Another point of interest, Taiwan is actually safer than the United States in many ways, such as a very low violent crime rate. A person can go outside at three in the morning without worry. The irony is that due to some issues like what I mentioned above, I can’t really safely do much while he is at work, other than hang out with the cat and chill. Neurotypical people might venture out into the city to go to stores or walk to the stations. There again due to my safety, he is taking the role of older brother! He must provide my meals and other needs, though I try to help tend his cat Richard for him in return. Dave has taught me how to use Taiwan’s money, but to know how much to pay, I have to look at the number on the cash register. Other items such as his gas stove he could teach me, but seems to deem too risky for my use.

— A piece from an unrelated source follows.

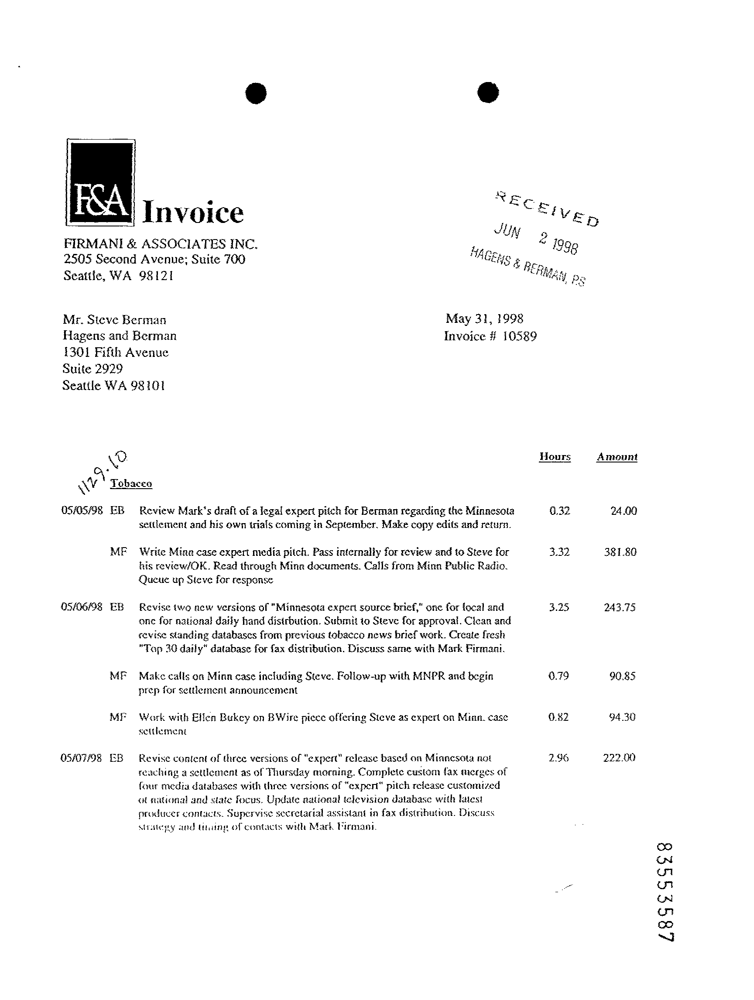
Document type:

Though I may be in the younger brother role, I am still doing my share of fulfilling activities. My dad and I co-teach a Religious Education class at our church. I really enjoy it; it gives me a chance to teach (I would love to work in a school, but it doesn’t seem to be in the cards), and my church really needs me, as there’s a shortage of teachers.

I finally learned how to make a birdhouse. Back in seventh grade everyone was required to take a shop class. Because of my lack of coordination, I had to get permission to be exempt from the class for my own safety. When Dave’s turn came to take the class (he took it during his eighth grade year), he built a birdhouse in class. Many years later in my dad’s new shed, I finally created my own birdhouse from scratch. I even cut the pieces from a board, using a circular saw under Dad’s close watch. He only helped with a difficult cut required to make the roof. Everything else I did. We went to Lowe’s, where I picked out and purchased a green paint to use to paint the house. On May 1st we held a retreat for our Religious Education Class for First Communion, and First Confession. At Father Dominic’s suggestion, I gave a short presentation about my birdhouse at the retreat. It focused on being good stewards to God’s creation, but additionally talked about the accomplishment of building the bird house.

Overall, at this point, I think Dave is functioning as the older brother, though he is younger. That does not mean I haven’t accomplished anything, as I mentioned two accomplishments above. What it does show is an effect that autism can have in a family when only one child has it.